Ce qu'Annie Clark nous propose avec "MASSEDUCTION", ce n'est quand même pas une oeuvre porno, mais un regard critique sur ces animaux sociaux qui misent tout sur les apparences. En jetant un regard au clip de "Los Ageless", un des premiers extraits du disque, on voit bien qu'elle en a contre cette volonté qu'ont certaines personnes de ne pas vieillir, de rester jeune et, surtout, sexy aussi longtemps que possible. Le vieillissement ne semble pas être le seul problème des masses évoquées par St. Vincent. Sur "Pills", une autre des premières pièces auxquelles nous avons eu droit avant le lancement de l'album, elle nous parle des tonnes de pilules que tout ce beau monde gobe afin de fuir la réalité en se réfugiant dans une apathie volontaire.
On peut aussi prendre le titre de l'album d'Annie Clark à la lettre et se dire que son intention, avec cette nouvelle oeuvre est de séduire un public aussi vaste que possible en ayant recours au plus bas dénominateur musical commun: la pop radiophonique. Ne s'est-elle pas adjoint les services de Jack Antonoff (Fun, Lorde, P!nk, Taylor Swift...) afin d'en assurer la réalisation? À la première écoute de "MASSEDUCTON", ceux qui suivent la carrière de St. Vincent depuis quelques années remarqueront immédiatement une esthétique moins indie, moins expérimentale et plus pop up tempo.

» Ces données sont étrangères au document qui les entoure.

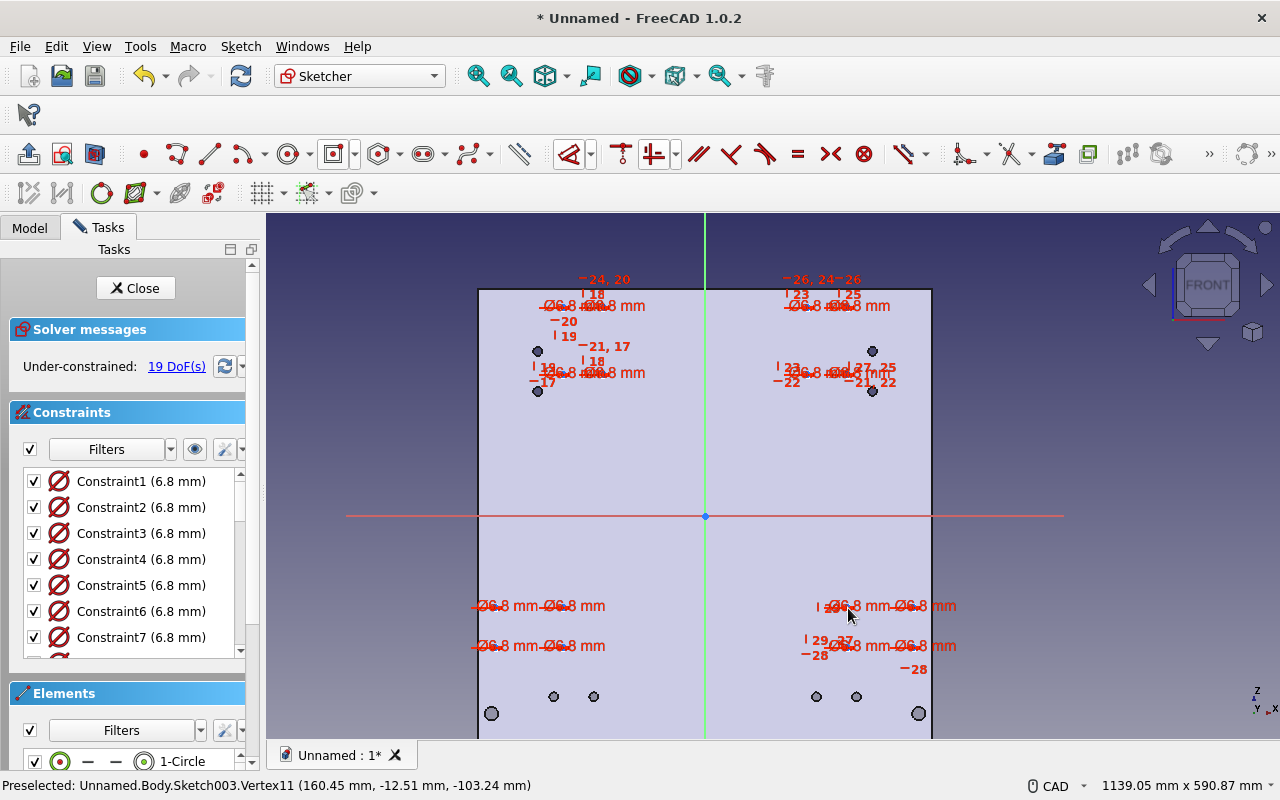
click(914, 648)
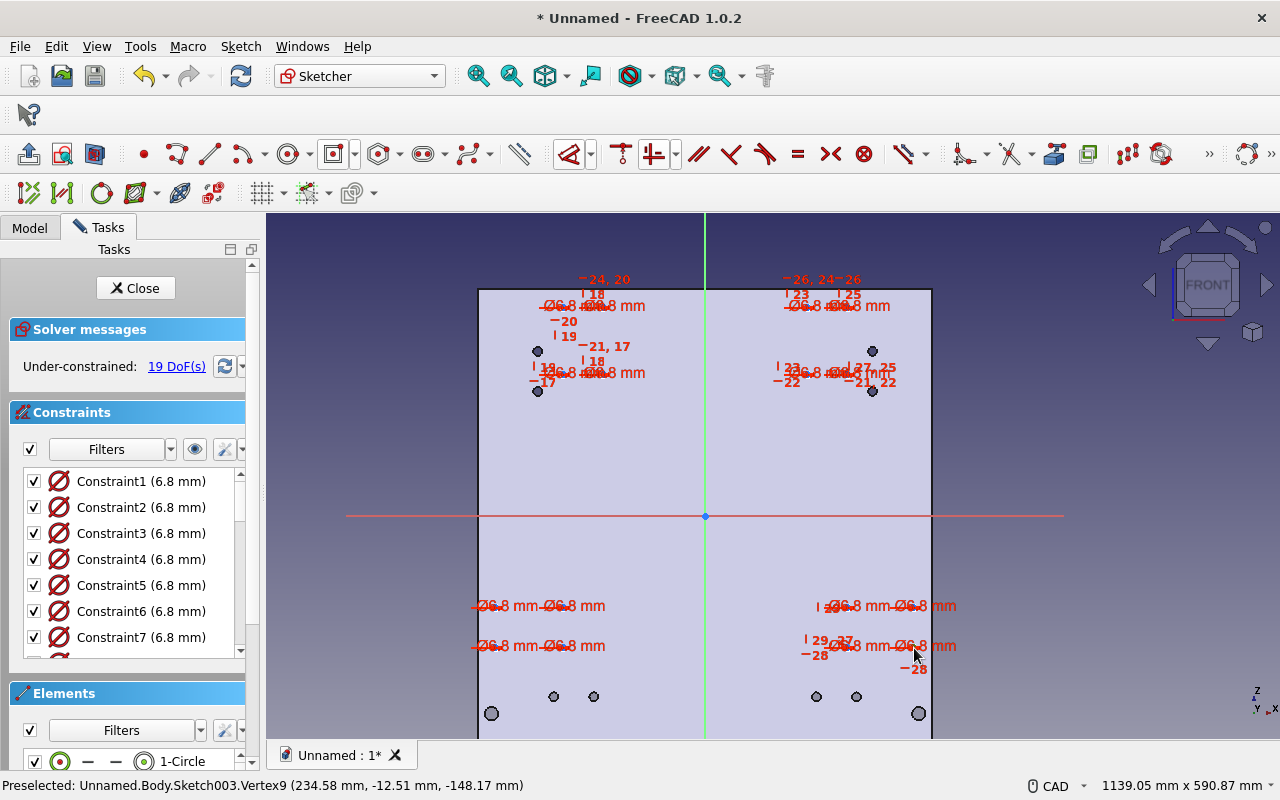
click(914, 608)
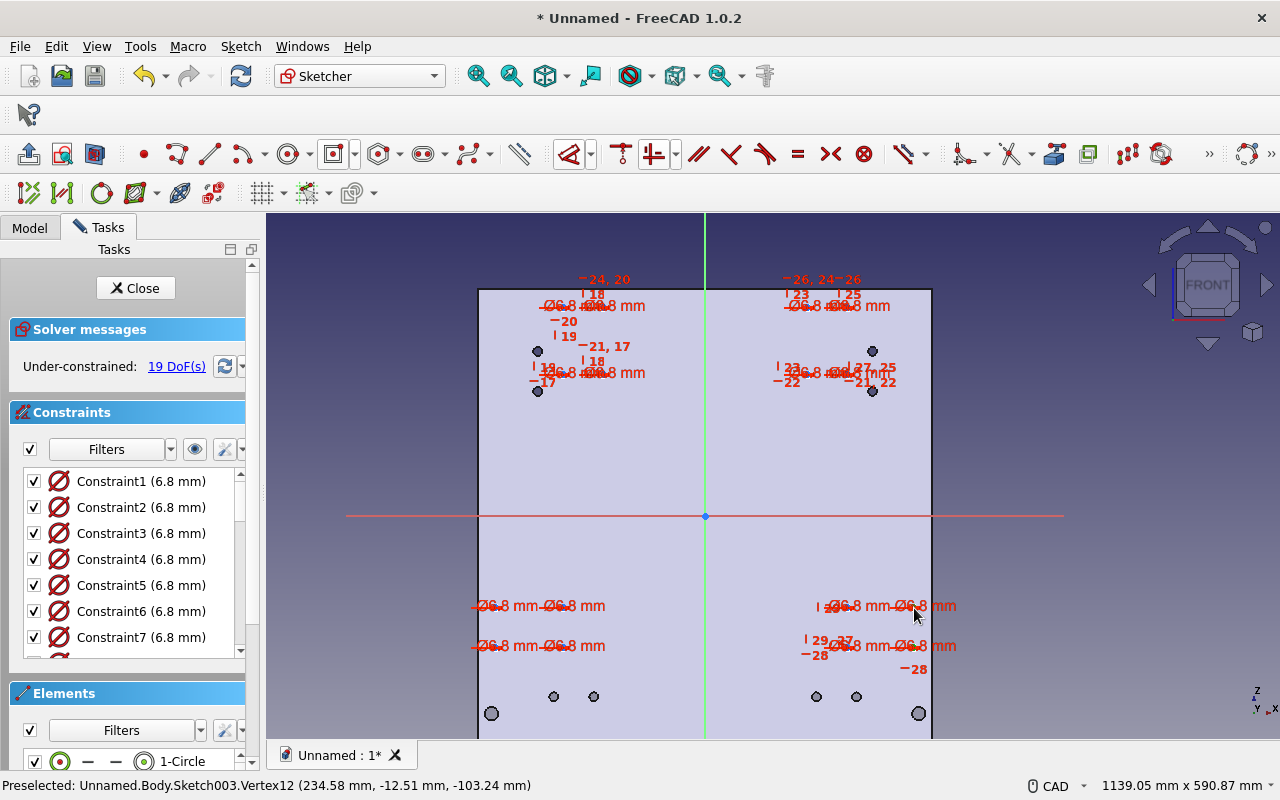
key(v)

Néanmoins, malgré la présence de Jack Antonoff, on peut affirmer sans se tromper que c'est bel et bien Annie Clark qui est en contrôle sur "MASSEDUCTION". Alors que Melodrama de Lorde sonne comme un disque de pop mainstream dont l'esthétique sonore est totalement celle du producteur, l'album de St. Vincent ratisse beaucoup plus large. On y distingue des influences rock, techno, disco électro façon Georgio Moroder, funk (plusieurs passages rappellent Prince), industrielles, music-hall, country (beau lap-steel sur quelques ballades) et noise (la guitare de madame Clark évoque souvent les dissonances d'un Adrian Belew ou d'un Robert Fripp): des sonorités qui ne font clairement pas partie de la palette d'Antonoff. La pop radio-friendly de ce dernier n'est qu'un ingrédient parmi tant d'autres.
Grâce à une richesse musicale que nous n'entendons guère sur les ondes de nos jours, "MASSEDUCTION" se distingue de la production pop actuelle. De plus, il se démarque de la courte discographie de St. Vincent grâce à une qualité que nous ne trouvions qu'en moindre quantité chez miss Clark, jusqu'à maintenant: son humanité. Exit, le personnage de femme-androïde de l'album précédent. La musicienne se montre plus vulnérable que jamais, surtout sur les ballades. Sa voix s'y brise, son chant y est moins parfait mais plus humain, quoi!
D'entrée de jeu, sur "Hang on Me", la pièce d'ouverture, cette voix plus fragile, bercée par de beaux arrangements de cordes, nous réconforte. "New York" est un autre moment fort du disque. Nous sommes touchés par la perte qu'elle ressent devant la disparition de David Bowie et de Leonard Cohen. La douleur, la mort, le suicide font partie des thèmes abordés sur l'album. C'est fait avec beaucoup de délicatesse, de doigté. Annie Clark ne fait pas que critiquer les pauvres mortels que nous sommes, elle éprouve de l'empathie pour eux. C'est aussi évident sur "Smoking Section" (ma pièce préférée du lot) qui clôt l'album de façon magistrale.
De la musique pour les masses, disions-nous? Que oui! Elles en ont tant besoin.